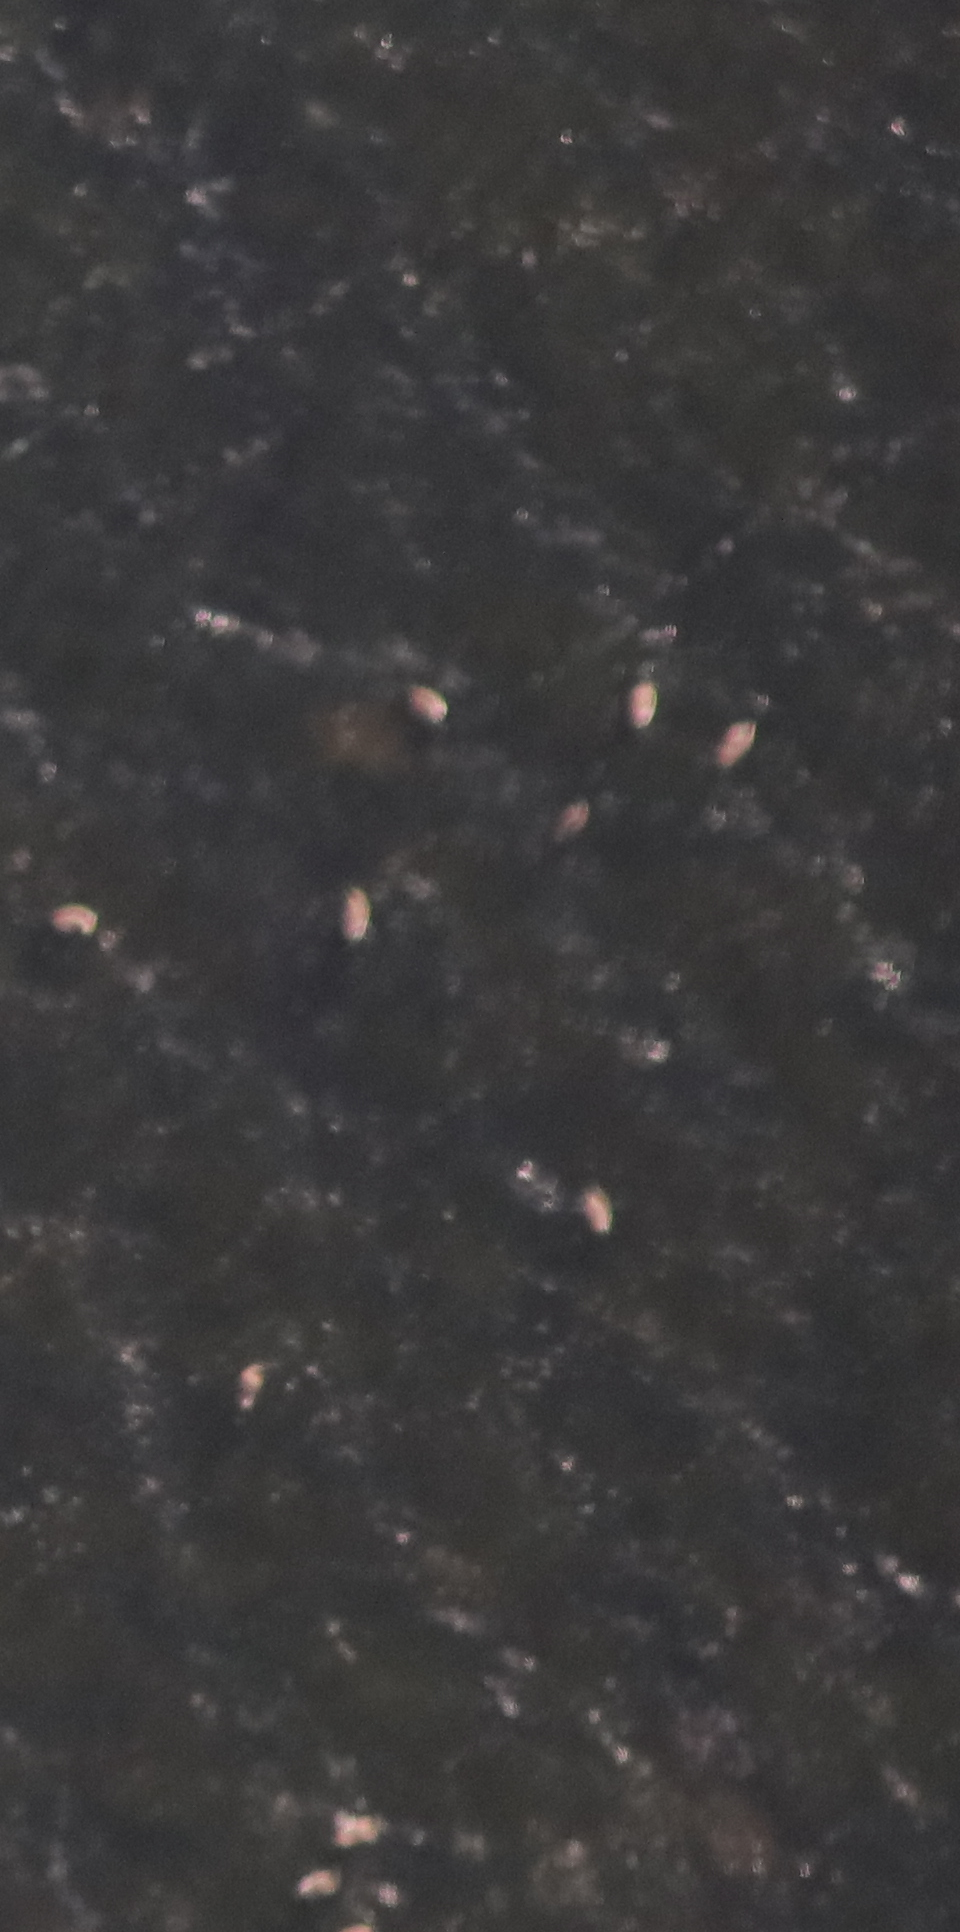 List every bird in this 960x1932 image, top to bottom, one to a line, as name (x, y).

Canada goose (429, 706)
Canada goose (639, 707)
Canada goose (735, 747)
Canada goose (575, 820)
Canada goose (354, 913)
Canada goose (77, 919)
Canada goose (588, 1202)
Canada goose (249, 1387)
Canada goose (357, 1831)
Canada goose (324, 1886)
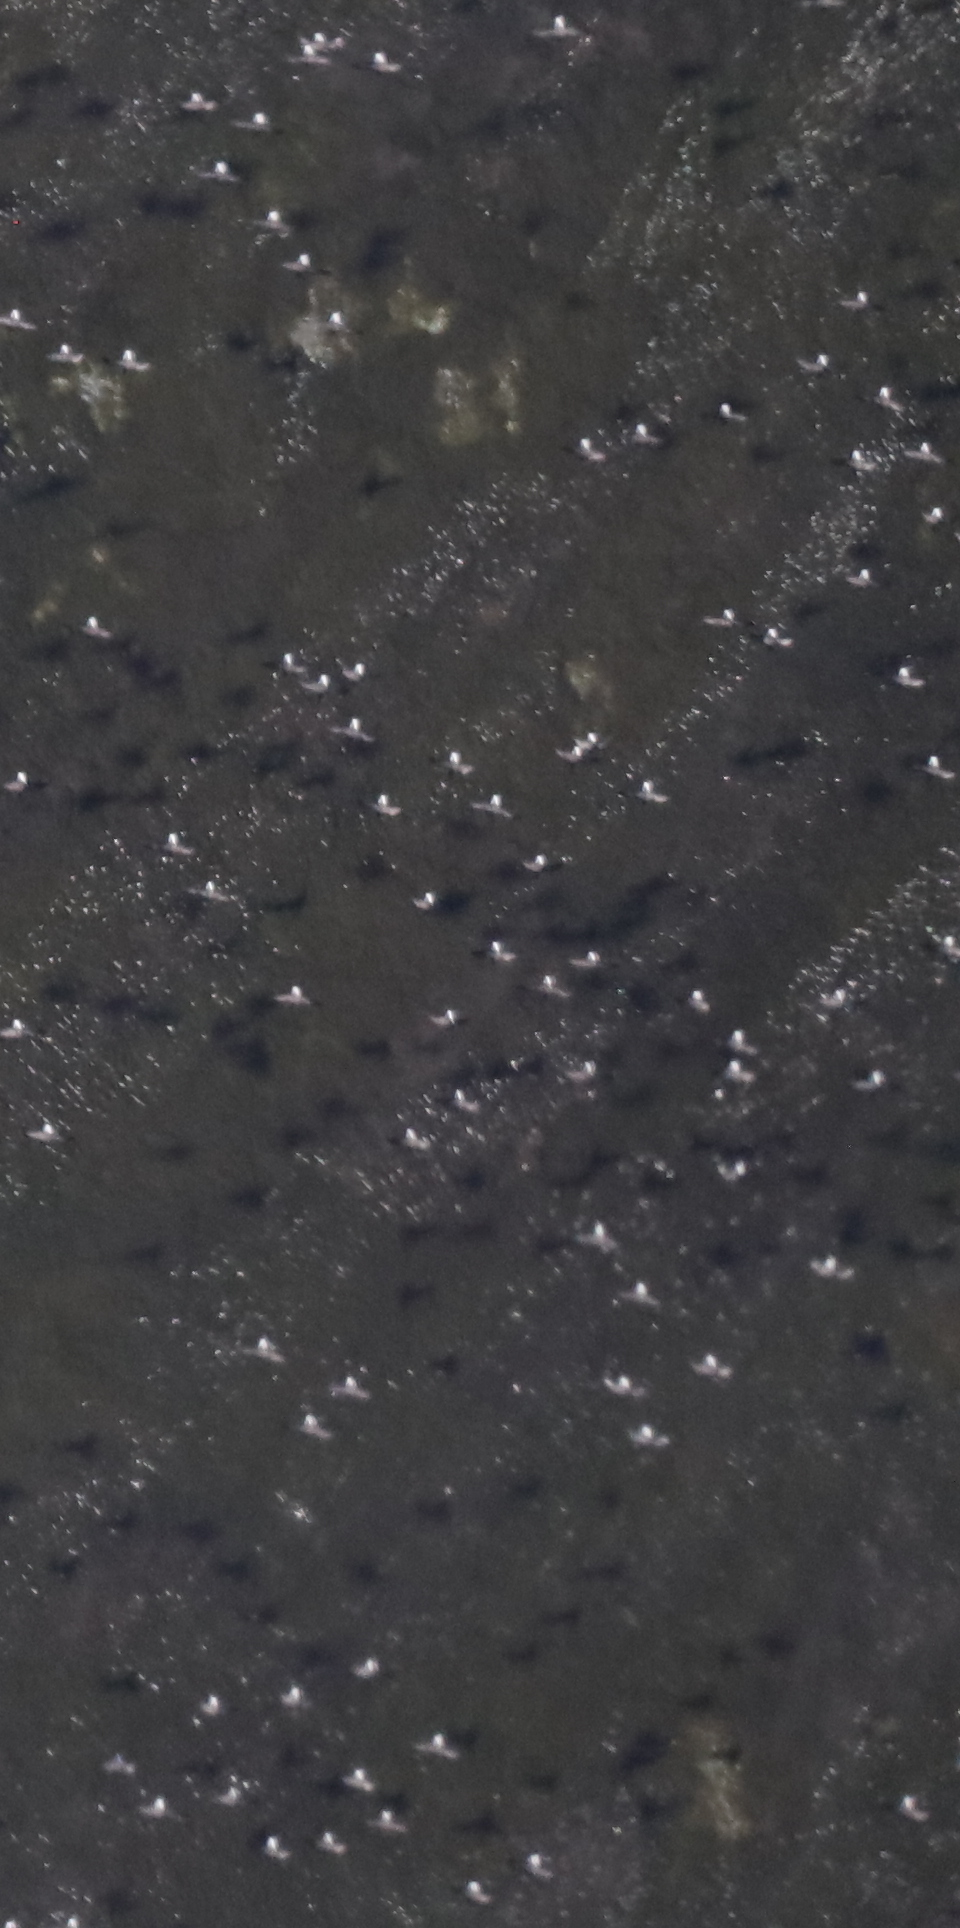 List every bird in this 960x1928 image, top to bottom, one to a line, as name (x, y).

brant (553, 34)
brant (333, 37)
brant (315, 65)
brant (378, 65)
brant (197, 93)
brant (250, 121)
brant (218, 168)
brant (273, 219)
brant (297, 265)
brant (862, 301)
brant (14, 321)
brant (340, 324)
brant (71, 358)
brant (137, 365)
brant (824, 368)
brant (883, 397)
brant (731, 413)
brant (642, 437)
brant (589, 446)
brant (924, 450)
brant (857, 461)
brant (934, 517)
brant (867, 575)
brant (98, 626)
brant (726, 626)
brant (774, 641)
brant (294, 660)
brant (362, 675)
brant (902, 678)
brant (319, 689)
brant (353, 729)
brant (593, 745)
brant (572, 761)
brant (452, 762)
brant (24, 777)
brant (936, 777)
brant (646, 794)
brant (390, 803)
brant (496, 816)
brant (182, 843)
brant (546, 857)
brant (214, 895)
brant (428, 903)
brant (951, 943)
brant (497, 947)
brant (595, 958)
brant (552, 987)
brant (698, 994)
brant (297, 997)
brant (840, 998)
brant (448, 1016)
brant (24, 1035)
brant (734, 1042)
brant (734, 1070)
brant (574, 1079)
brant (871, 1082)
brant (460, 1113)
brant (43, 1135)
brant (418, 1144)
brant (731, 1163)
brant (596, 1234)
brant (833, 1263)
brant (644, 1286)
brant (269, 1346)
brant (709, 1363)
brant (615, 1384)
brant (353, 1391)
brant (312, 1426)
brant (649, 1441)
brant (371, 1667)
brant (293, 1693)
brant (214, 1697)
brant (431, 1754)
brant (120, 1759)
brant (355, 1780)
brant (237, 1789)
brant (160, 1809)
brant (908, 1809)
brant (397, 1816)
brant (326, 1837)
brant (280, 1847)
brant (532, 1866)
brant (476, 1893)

──────────────────────────────

TASK GOAL: The task requires that every line above be transcribed exactly, without the images.

ANSWER TO THE EXERCISE:
 List every bird in this 960x1932 image, top to bottom, one to a line, as name (x, y).

Canada goose (429, 706)
Canada goose (639, 707)
Canada goose (735, 747)
Canada goose (575, 820)
Canada goose (354, 913)
Canada goose (77, 919)
Canada goose (588, 1202)
Canada goose (249, 1387)
Canada goose (357, 1831)
Canada goose (324, 1886)
 List every bird in this 960x1928 image, top to bottom, one to a line, as name (x, y).

brant (553, 34)
brant (333, 37)
brant (315, 65)
brant (378, 65)
brant (197, 93)
brant (250, 121)
brant (218, 168)
brant (273, 219)
brant (297, 265)
brant (862, 301)
brant (14, 321)
brant (340, 324)
brant (71, 358)
brant (137, 365)
brant (824, 368)
brant (883, 397)
brant (731, 413)
brant (642, 437)
brant (589, 446)
brant (924, 450)
brant (857, 461)
brant (934, 517)
brant (867, 575)
brant (98, 626)
brant (726, 626)
brant (774, 641)
brant (294, 660)
brant (362, 675)
brant (902, 678)
brant (319, 689)
brant (353, 729)
brant (593, 745)
brant (572, 761)
brant (452, 762)
brant (24, 777)
brant (936, 777)
brant (646, 794)
brant (390, 803)
brant (496, 816)
brant (182, 843)
brant (546, 857)
brant (214, 895)
brant (428, 903)
brant (951, 943)
brant (497, 947)
brant (595, 958)
brant (552, 987)
brant (698, 994)
brant (297, 997)
brant (840, 998)
brant (448, 1016)
brant (24, 1035)
brant (734, 1042)
brant (734, 1070)
brant (574, 1079)
brant (871, 1082)
brant (460, 1113)
brant (43, 1135)
brant (418, 1144)
brant (731, 1163)
brant (596, 1234)
brant (833, 1263)
brant (644, 1286)
brant (269, 1346)
brant (709, 1363)
brant (615, 1384)
brant (353, 1391)
brant (312, 1426)
brant (649, 1441)
brant (371, 1667)
brant (293, 1693)
brant (214, 1697)
brant (431, 1754)
brant (120, 1759)
brant (355, 1780)
brant (237, 1789)
brant (160, 1809)
brant (908, 1809)
brant (397, 1816)
brant (326, 1837)
brant (280, 1847)
brant (532, 1866)
brant (476, 1893)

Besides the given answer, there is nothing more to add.